Lane Chaplin's Channel

Enjoy!!


----------



## Augusta (Oct 14, 2009)

I like this guy. Reformed Man


----------



## tt1106 (Oct 14, 2009)

The best I can do, is ditto. ^^ Lanech and Alpha Omega Ministries.


----------



## christianyouth (Oct 14, 2009)

Joshua said:


> Andrew, as is evidenced by participators in this thread, I'm confident that _someone_, _somewhere_, subscribes to episodes or various video makers on YouTube.



LOL--as soon as I saw the thread title I KNEW you were going to reply with this!



I subscribe to Zondervan's channel

YouTube - Zondervancom's Channel

and also Rhett and Link(Skyler turned me on to these guys--very funny and clean)

YouTube - RhettandLink's Channel


----------



## Peairtach (Oct 14, 2009)

Youtube, I know, but what's involved in subscribing to a Youtube channel?


----------



## eqdj (Oct 14, 2009)

Besides James White and Lane, check out

Ligonier YouTube - LigonierMinistries's Channel
Reformation21 YouTube - reformation21's Channel
Westminster Philly YouTube - WestminsterOnline's Channel
and
Reformed Forum http://www.youtube.com/user/reformedforum


----------



## Vonnie Dee (Oct 14, 2009)

Yes I do, but I doubt you would be interested in taking care of super curly hair.


----------



## Romans922 (Oct 14, 2009)

No Piper please!


----------



## Jesus is my friend (Oct 14, 2009)

Ok.....

Well how about this
YouTube - JohnMacArthurGTY's Channel


----------



## Romans922 (Oct 15, 2009)

I really am not in favor of watching baptists!  or Dispensationalists!


----------



## Romans922 (Oct 15, 2009)

Joshua said:


> Romans922 said:
> 
> 
> > I really am not in favor of watching baptists!  or Dispensationalists!
> ...



You are correct, but I didn't know I was going to get such videos. No offense to anyone about the baptist thing (perhaps about the dispensational thing), just my preferences I guess. Although, you can feel free to link to anyone you subscribe to for everyone's benefit! 

Do you guys only subscribe to theological sort of videos? Or anyone have entertainment videos?


----------



## OPC'n (Oct 15, 2009)

Here's some kicking entertainment! 

[video=youtube;CfZBMQoNxJM]http://www.youtube.com/watch?v=CfZBMQoNxJM[/video]


----------



## Skyler (Oct 15, 2009)

christianyouth said:


> I subscribe to Zondervan's channel
> 
> YouTube - Zondervancom's Channel
> 
> ...



Oops, sorry about that... 

Aside from Rhett & Link, my only subscriptions are to a friend of mine and a couple people who do Blender 3D video tutorials.
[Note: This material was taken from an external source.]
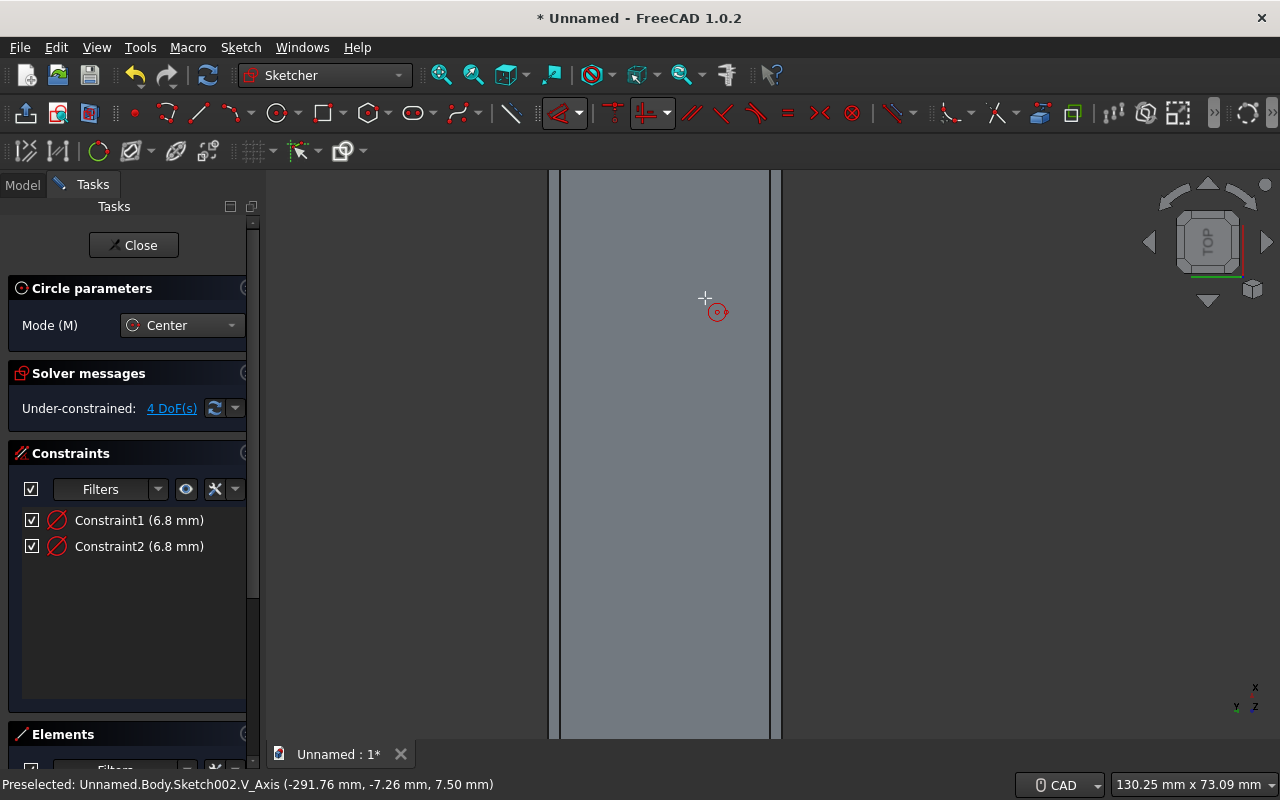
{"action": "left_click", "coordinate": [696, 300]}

I don't do a whole lot on YouTube.


----------



## DMcFadden (Oct 15, 2009)

Romans922 said:


> I really am not in favor of watching baptists!  or Dispensationalists!



I am only interested in You-Tubes that fit my demographic and state.

Please avoid . . .

Dispensational
Weslyan
Arminian
Eastern Orthodox
Druid
Democrats
New York
Florida
Libertarians
Republicans
Constitutional Party
Independents (any kind)
Peace and Freedom
Nazi Party
Progressives
Liberals
Left wingers
Right wingers
Moderates
Fence straddlers
Keith Olberman
Wiccan
Code Pink
Rahm Emmanuel
Nancy Pelosi
J.W. Montgomery
Rushdoony
John Shelby Spong
Michael Dukakis
Tiny Tim
Van Damme
Janet Jackson
Theonomists
Rosanne Barr
Federal Vision
Postmillennialists
Premillennialists
Amillennialists
Panmillennialists
Full Preterists
Confused Preterists
Not a Preterists
Thomas Aquinas
Norm Geisler
Any Geezer
Robert Schuller
Purpose Driven ANYthing
Q
JEPD
Attila the Hun
Your "Hun"
Honeybear
Bear Bryant
William Jennings Bryan



[Sorry, I home sick and the specificity struck me as funny. No offense!]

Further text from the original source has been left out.